Malala makes first trip to Pakistan since Taliban attack
Nobel Peace Laureate Malala Yousafzai Returned To Pakistan On Thursday, Officials Said, In Her First Visit To Her Native Country Since She Was Shot In The Head By A Taliban Gunman For Advocating Education For Girls In 2012.
Nobel peace laureate Malala Yousafzai returned to Pakistan on Thursday, officials said, in her first visit to her native country since she was shot in the head by a Taliban gunman for advocating education for girls in 2012.
Precise details of her itinerary have been "kept secret in view of the sensitivity surrounding the visit," a government official said of the trip, which is expected to last four days and include a meeting with Prime Minister Shahid Khaqan Abbasi.

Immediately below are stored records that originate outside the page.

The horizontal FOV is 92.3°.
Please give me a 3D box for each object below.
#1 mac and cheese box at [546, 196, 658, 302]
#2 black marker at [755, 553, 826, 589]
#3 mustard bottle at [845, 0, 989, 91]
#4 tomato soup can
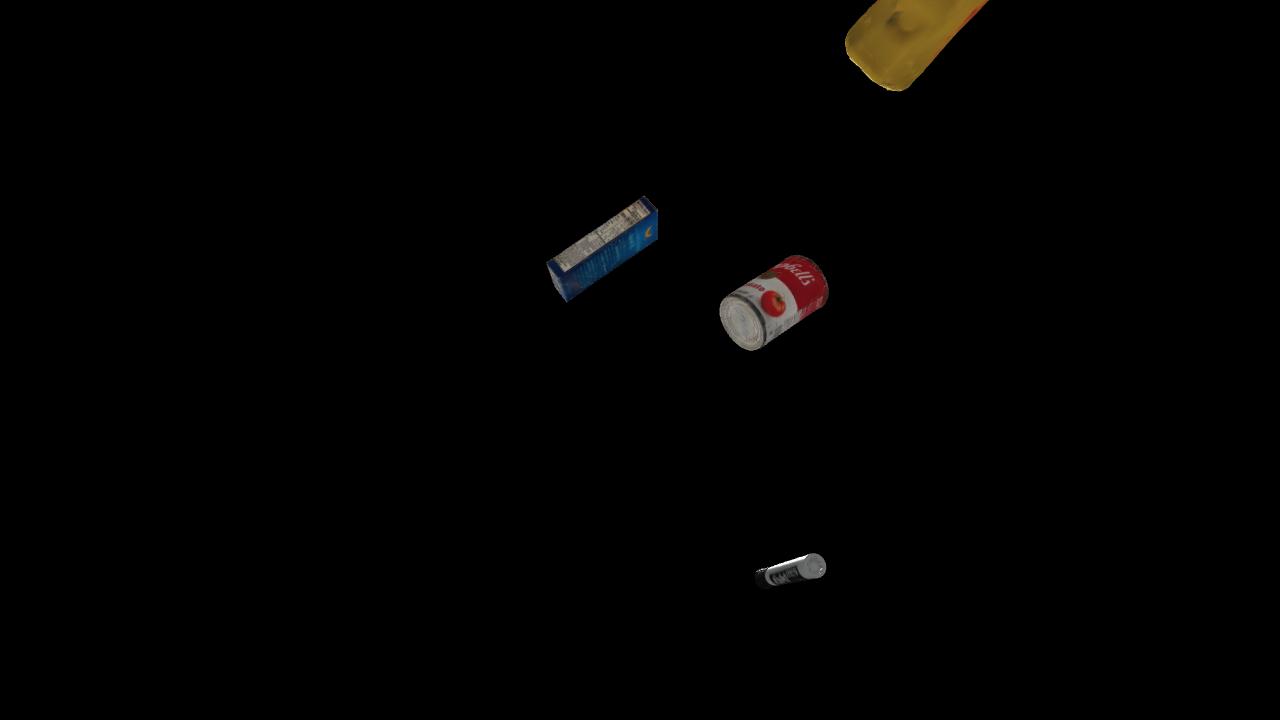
[{"bbox_3d":[-0.055,-0.170,0.954,0.184,0.041,0.093,-36,-16,-9],"label":"mac and cheese box"},{"bbox_3d":[0.128,0.186,0.539,0.020,0.020,0.121,0,-24,-11],"label":"black marker"},{"bbox_3d":[0.202,-0.244,0.347,0.092,0.054,0.184,-34,-9,-48],"label":"mustard bottle"},{"bbox_3d":[0.143,-0.062,0.662,0.101,0.068,0.068,-32,14,-23],"label":"tomato soup can"}]
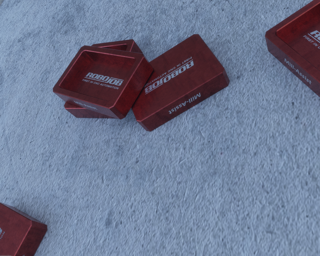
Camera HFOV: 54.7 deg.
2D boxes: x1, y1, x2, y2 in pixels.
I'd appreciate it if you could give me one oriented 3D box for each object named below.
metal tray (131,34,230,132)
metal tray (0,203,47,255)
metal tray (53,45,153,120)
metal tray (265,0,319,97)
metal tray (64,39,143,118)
[{"bbox_3d":[0.018,-0.064,0.431,0.130,0.030,0.090,-31,52,8],"label":"metal tray"},{"bbox_3d":[-0.217,0.174,0.408,0.090,0.030,0.130,12,68,33],"label":"metal tray"},{"bbox_3d":[-0.085,-0.070,0.448,0.130,0.030,0.090,17,71,34],"label":"metal tray"},{"bbox_3d":[0.196,-0.091,0.353,0.090,0.030,0.130,-33,51,6],"label":"metal tray"},{"bbox_3d":[-0.089,-0.079,0.495,0.090,0.030,0.130,2,62,29],"label":"metal tray"}]
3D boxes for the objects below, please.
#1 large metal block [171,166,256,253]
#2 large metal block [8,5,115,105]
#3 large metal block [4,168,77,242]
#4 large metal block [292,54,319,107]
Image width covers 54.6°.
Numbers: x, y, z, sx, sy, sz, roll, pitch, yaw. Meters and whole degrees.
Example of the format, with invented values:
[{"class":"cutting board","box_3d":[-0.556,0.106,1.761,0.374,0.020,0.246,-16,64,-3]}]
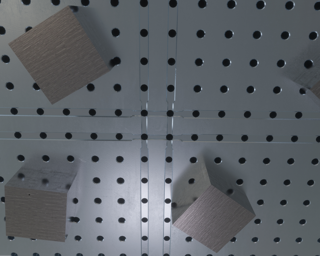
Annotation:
[{"class":"large metal block","box_3d":[0.073,0.117,0.443,0.080,0.050,0.080,36,106,-12]},{"class":"large metal block","box_3d":[-0.111,-0.087,0.367,0.080,0.050,0.080,-28,108,10]},{"class":"large metal block","box_3d":[-0.166,0.108,0.439,0.080,0.050,0.079,8,110,-3]},{"class":"large metal block","box_3d":[0.230,-0.057,0.381,0.080,0.050,0.080,39,105,-13]}]
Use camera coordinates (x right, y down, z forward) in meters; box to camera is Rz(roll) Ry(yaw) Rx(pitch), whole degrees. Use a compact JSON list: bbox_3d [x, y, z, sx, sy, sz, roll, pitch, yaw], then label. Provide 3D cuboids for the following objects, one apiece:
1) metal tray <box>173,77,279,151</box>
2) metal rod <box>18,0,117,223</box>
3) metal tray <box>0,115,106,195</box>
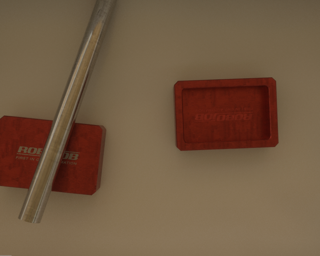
[{"bbox_3d":[0.085,-0.018,0.409,0.131,0.030,0.089,-2,90,-1],"label":"metal tray"},{"bbox_3d":[-0.109,-0.035,0.384,0.025,0.025,0.299,16,80,-1],"label":"metal rod"},{"bbox_3d":[-0.142,0.035,0.407,0.131,0.030,0.089,6,90,-1],"label":"metal tray"}]
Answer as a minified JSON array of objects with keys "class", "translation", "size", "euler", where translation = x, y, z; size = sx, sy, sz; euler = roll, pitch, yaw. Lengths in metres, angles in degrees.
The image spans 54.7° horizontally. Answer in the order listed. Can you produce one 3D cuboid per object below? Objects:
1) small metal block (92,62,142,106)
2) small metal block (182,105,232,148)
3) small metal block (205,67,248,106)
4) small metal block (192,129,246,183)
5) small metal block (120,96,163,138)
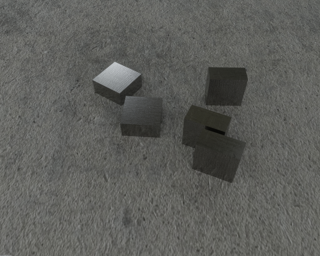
[{"class":"small metal block","translation":[-0.062,-0.066,0.458],"size":[0.050,0.025,0.050],"euler":[27,55,21]},{"class":"small metal block","translation":[0.057,0.004,0.384],"size":[0.050,0.050,0.025],"euler":[19,53,15]},{"class":"small metal block","translation":[0.092,-0.058,0.436],"size":[0.050,0.050,0.025],"euler":[1,50,1]},{"class":"small metal block","translation":[0.067,0.033,0.360],"size":[0.050,0.050,0.025],"euler":[19,53,15]},{"class":"small metal block","translation":[-0.023,-0.015,0.416],"size":[0.050,0.025,0.050],"euler":[3,50,2]}]
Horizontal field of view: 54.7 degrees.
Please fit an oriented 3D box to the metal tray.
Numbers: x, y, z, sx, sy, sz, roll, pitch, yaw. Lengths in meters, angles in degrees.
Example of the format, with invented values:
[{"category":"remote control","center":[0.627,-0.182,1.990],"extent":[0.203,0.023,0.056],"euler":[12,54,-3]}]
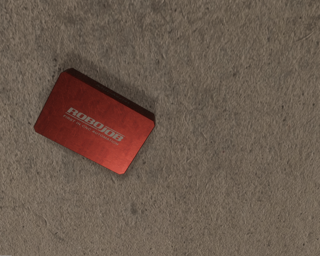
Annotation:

Accompanied by her parents, the 20-year-old Yousafzai was escorted through Islamabad's Benazir Bhutto International Airport under tight security, according to still photographs broadcast on local television.
Malala has become a global symbol for human rights and a vocal campaigner for girls' education since a gunman boarded her school bus in the Swat valley on October 9, 2012, asked "Who is Malala?" and shot her.
She was treated for her injuries in the British city of Birmingham, where she completed her schooling.
Winner of the Nobel Peace Prize in 2014, she has continued her campaigning while pursuing her studies at Oxford University.